The script executes the following steps in sequence:

StepsWhat happens
1–3Clone/pull PECV-bench and PECV-bench-dataset; install PECV-bench Python package
4Materialize exercise variants (copy base + apply patch)
5–8Create session; create or reuse benchmark course on Artemis
9–10Build variant ZIPs; import into Artemis via programming-exercise import API
11–12Fetch exercise IDs; trigger consistency checks concurrently
13Generate aggregated report; create Hyperion source snapshot ZIP
14Open PR against artemis-approaches in PECV-bench with results

Approach Identity

artemis-<branch-slashes-to-dashes-hyphens-to-underscores>-<short-commit>
# e.g. branch feature/hyperion/verify-checker → artemis-feature-hyperion-verify_checker-a1b2c3d

Script replaces /- and -_ in the branch name. Use the printed approach_id from logs — do not reconstruct manually.

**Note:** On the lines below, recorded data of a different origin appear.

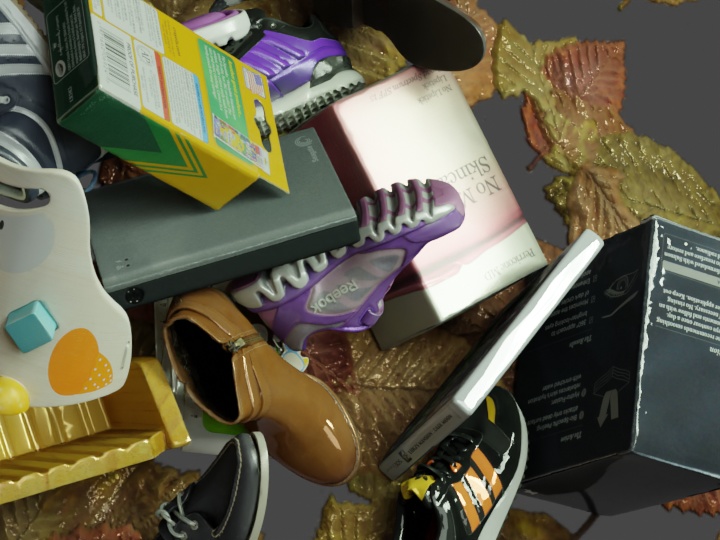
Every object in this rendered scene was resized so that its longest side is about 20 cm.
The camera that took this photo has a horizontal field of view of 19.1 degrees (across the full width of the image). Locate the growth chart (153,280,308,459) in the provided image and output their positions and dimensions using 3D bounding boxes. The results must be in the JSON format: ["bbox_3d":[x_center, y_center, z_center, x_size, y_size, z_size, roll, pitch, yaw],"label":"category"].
[{"bbox_3d":[-0.107,0.056,1.729,0.143,0.018,0.202,-2,80,-27],"label":"growth chart"}]

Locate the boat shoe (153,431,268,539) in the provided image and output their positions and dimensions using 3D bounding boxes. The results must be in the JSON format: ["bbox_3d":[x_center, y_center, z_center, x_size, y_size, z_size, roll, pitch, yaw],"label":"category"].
[{"bbox_3d":[-0.124,0.199,1.591,0.062,0.201,0.073,11,34,-24],"label":"boat shoe"}]

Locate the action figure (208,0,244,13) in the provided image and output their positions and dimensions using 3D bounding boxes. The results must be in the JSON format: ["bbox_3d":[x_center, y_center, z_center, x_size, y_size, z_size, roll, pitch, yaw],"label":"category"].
[{"bbox_3d":[-0.036,-0.272,1.783,0.191,0.200,0.106,-7,87,2],"label":"action figure"}]

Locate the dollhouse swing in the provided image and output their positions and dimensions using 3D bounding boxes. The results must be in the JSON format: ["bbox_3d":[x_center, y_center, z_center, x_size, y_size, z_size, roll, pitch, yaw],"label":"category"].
[{"bbox_3d":[-0.260,0.068,1.571,0.198,0.181,0.178,-14,94,-29],"label":"dollhouse swing"}]

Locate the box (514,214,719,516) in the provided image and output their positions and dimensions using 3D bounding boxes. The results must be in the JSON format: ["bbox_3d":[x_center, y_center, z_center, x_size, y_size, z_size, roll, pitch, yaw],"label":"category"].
[{"bbox_3d":[0.226,0.085,1.790,0.116,0.196,0.202,17,69,-23],"label":"box"}]

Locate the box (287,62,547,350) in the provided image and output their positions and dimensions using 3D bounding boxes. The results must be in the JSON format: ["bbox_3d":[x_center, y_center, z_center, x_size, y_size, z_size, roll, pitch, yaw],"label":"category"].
[{"bbox_3d":[0.043,-0.057,1.784,0.127,0.109,0.201,-27,89,-31],"label":"box"}]

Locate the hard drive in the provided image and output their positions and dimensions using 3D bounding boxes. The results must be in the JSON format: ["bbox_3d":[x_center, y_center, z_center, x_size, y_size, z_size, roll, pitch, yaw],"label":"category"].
[{"bbox_3d":[-0.111,-0.041,1.658,0.198,0.140,0.033,-16,126,-7],"label":"hard drive"}]

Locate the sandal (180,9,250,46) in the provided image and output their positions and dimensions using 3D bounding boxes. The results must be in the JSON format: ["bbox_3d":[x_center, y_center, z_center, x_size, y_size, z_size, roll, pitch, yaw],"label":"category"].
[{"bbox_3d":[-0.186,-0.183,1.705,0.201,0.082,0.050,-20,104,-22],"label":"sandal"}]

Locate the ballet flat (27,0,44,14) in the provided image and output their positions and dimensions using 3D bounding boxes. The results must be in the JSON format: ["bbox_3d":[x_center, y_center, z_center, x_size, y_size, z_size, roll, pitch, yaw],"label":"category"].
[{"bbox_3d":[-0.261,-0.238,1.687,0.067,0.064,0.200,-39,59,-22],"label":"ballet flat"}]

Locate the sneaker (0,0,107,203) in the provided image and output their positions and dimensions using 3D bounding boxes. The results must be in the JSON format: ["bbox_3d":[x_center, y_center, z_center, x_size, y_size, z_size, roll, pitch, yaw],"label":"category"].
[{"bbox_3d":[-0.282,-0.139,1.598,0.200,0.070,0.108,46,64,4],"label":"sneaker"}]

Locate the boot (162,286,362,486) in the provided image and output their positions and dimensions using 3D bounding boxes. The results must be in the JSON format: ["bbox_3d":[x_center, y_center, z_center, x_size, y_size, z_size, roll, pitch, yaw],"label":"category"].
[{"bbox_3d":[-0.076,0.095,1.631,0.076,0.155,0.201,-34,93,6],"label":"boot"}]

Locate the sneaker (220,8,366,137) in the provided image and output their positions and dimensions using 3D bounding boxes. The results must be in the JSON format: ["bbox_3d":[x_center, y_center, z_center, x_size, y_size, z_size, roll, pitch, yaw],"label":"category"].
[{"bbox_3d":[-0.098,-0.162,1.769,0.199,0.070,0.100,-20,79,-34],"label":"sneaker"}]

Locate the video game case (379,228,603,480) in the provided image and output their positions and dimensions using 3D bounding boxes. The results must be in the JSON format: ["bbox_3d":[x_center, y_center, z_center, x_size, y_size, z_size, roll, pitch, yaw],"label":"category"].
[{"bbox_3d":[0.104,0.070,1.739,0.023,0.182,0.200,40,61,0],"label":"video game case"}]

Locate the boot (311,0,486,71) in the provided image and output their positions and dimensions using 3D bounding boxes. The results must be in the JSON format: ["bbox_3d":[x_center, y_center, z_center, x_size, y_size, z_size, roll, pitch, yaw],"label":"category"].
[{"bbox_3d":[0.086,-0.242,1.817,0.199,0.185,0.065,-28,133,-42],"label":"boot"}]

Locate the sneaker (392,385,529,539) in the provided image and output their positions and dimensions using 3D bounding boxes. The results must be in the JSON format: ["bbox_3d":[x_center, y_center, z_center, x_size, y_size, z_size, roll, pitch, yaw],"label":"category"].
[{"bbox_3d":[0.075,0.175,1.745,0.090,0.070,0.202,38,62,-41],"label":"sneaker"}]

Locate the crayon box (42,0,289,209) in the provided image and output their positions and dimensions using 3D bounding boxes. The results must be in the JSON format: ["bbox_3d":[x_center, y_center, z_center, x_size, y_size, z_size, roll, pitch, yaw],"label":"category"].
[{"bbox_3d":[-0.146,-0.130,1.615,0.199,0.051,0.127,28,37,-41],"label":"crayon box"}]

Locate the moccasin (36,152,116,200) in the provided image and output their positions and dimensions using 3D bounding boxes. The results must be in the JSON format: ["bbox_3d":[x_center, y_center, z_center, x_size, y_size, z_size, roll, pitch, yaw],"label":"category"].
[{"bbox_3d":[-0.251,-0.086,1.668,0.198,0.080,0.069,-7,81,-14],"label":"moccasin"}]

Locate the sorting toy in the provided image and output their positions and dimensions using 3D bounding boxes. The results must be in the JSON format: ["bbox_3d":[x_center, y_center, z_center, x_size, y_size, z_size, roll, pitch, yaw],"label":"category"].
[{"bbox_3d":[-0.257,-0.016,1.496,0.199,0.181,0.107,28,35,20],"label":"sorting toy"}]

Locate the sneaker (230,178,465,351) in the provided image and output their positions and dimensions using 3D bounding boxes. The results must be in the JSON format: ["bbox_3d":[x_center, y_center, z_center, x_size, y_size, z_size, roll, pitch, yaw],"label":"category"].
[{"bbox_3d":[0.000,0.000,1.687,0.089,0.199,0.081,59,16,-17],"label":"sneaker"}]
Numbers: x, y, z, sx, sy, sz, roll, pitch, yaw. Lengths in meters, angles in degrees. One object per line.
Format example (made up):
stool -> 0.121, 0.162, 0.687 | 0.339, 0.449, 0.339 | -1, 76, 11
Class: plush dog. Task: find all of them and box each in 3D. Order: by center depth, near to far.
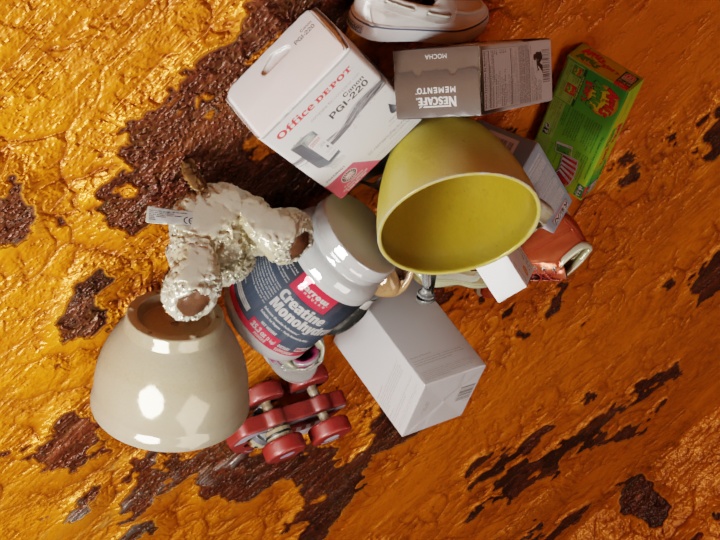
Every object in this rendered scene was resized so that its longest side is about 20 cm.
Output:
plush dog -> -0.173, -0.033, 1.435 | 0.199, 0.161, 0.172 | -32, 169, -19

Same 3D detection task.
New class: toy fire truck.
toy fire truck -> -0.119, 0.237, 1.873 | 0.199, 0.113, 0.168 | -16, 162, -31

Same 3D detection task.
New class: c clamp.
c clamp -> 0.092, -0.034, 1.680 | 0.027, 0.171, 0.201 | 2, 123, 6

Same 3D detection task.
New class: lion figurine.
lion figurine -> 0.000, 0.000, 1.622 | 0.072, 0.199, 0.123 | -17, 113, -53

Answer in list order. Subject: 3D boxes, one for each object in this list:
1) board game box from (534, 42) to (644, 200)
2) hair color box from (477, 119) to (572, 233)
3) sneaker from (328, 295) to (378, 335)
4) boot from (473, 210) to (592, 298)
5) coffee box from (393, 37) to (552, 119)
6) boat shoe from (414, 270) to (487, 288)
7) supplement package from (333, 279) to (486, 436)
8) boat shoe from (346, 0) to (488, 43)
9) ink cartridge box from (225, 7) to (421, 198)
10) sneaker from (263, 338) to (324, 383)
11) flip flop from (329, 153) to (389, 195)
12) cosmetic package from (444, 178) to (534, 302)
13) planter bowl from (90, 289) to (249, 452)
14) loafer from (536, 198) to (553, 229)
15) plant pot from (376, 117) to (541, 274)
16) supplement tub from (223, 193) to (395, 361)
board game box -> 0.313, -0.208, 1.719 | 0.048, 0.101, 0.201 | -40, 157, -40
hair color box -> 0.223, -0.131, 1.725 | 0.061, 0.099, 0.200 | -59, 150, -7
sneaker -> 0.006, 0.006, 1.696 | 0.200, 0.074, 0.089 | -47, 173, -1
boot -> 0.276, -0.009, 1.953 | 0.200, 0.107, 0.075 | -41, 151, 7
coffee box -> 0.135, -0.228, 1.432 | 0.200, 0.112, 0.080 | -21, 110, -55
boat shoe -> 0.164, -0.018, 1.851 | 0.199, 0.074, 0.067 | -8, 144, -41
supplement package -> 0.070, 0.121, 1.809 | 0.119, 0.200, 0.122 | -15, 143, -33
boat shoe -> 0.074, -0.304, 1.381 | 0.199, 0.072, 0.066 | -7, 138, -34
ink cartridge box -> -0.038, -0.187, 1.398 | 0.146, 0.085, 0.200 | -44, 147, 8
sneaker -> -0.093, 0.114, 1.731 | 0.081, 0.088, 0.200 | -27, 147, -9
flip flop -> 0.045, -0.137, 1.576 | 0.199, 0.058, 0.081 | -21, 150, -32
cosmetic package -> 0.156, -0.063, 1.618 | 0.050, 0.201, 0.083 | -31, -173, 24
planter bowl -> -0.231, 0.108, 1.497 | 0.199, 0.200, 0.136 | -15, 127, -34
loafer -> 0.185, -0.065, 1.705 | 0.075, 0.199, 0.069 | 29, 68, -35
plant pot -> 0.107, -0.110, 1.483 | 0.199, 0.143, 0.201 | -8, 147, -5
supplement tub -> -0.065, 0.009, 1.543 | 0.200, 0.141, 0.140 | -40, 152, 29
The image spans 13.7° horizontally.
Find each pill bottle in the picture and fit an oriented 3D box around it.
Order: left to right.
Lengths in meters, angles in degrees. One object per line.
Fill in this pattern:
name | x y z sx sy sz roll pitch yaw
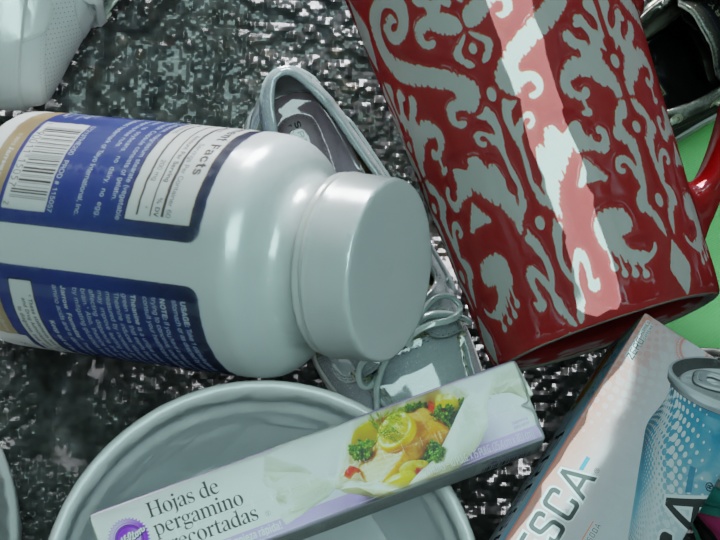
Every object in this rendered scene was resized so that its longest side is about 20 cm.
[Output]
pill bottle | -0.074 -0.011 1.356 0.199 0.111 0.111 7 75 28

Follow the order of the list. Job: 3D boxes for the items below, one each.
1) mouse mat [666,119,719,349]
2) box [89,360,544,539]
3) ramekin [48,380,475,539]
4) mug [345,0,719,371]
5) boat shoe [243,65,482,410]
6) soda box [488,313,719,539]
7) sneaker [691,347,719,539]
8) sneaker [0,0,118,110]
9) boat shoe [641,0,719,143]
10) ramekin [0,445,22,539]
mouse mat | 0.225 -0.032 1.459 0.199 0.008 0.162 5 77 -1
box | -0.018 0.092 1.299 0.199 0.041 0.039 -20 77 -5
ramekin | -0.044 0.158 1.357 0.199 0.105 0.201 0 76 -1
mug | 0.098 -0.072 1.338 0.177 0.133 0.201 -20 81 11
boat shoe | 0.001 -0.001 1.415 0.074 0.065 0.203 -22 79 -6
soda box | 0.094 0.122 1.288 0.068 0.064 0.200 33 76 0
sneaker | 0.212 0.130 1.362 0.084 0.121 0.200 -39 52 -9
sneaker | -0.105 -0.162 1.446 0.115 0.074 0.201 14 76 5
boat shoe | 0.173 -0.110 1.441 0.200 0.064 0.071 -37 80 -9
ramekin | -0.260 0.116 1.366 0.201 0.094 0.203 0 77 -1

Running Steps Independently

Logs indicate exactly which step failed and which script to rerun.

ModuleEntry pointWhen to rerun
exercises.pypython exercises.pyVariant materialization or ZIP creation failed
course.pypython course.pyCourse creation or exercise ID retrieval failed
consistency_check.pypython consistency_check.pyOne or more checks failed; most common rerun
report.pypython report.pyReport generation failed after checks completed
code_snapshot.pypython code_snapshot.pySnapshot ZIP not created
merge_request.pypython merge_request.pyPR creation failed

When running consistency_check.py standalone, note the printed approach_id and set it manually in report.py, code_snapshot.py, and merge_request.py.


Known Limitations

SQL and Assembler precision is low. Prompts assume OO constructs; SQL and Assembler exercises don't map cleanly onto this ontology.

LLM non-determinism. Results vary between runs. Average at least 3 runs per approach for reliable comparisons.

Course deletion may not complete on first attempt due to network latency. Re-run — the step is idempotent.

Exercise import may fail if local VCS already contains exercises with the same name. Remove all folders inside repos/ and local-vcs-repos/ in the Artemis project root, then re-run.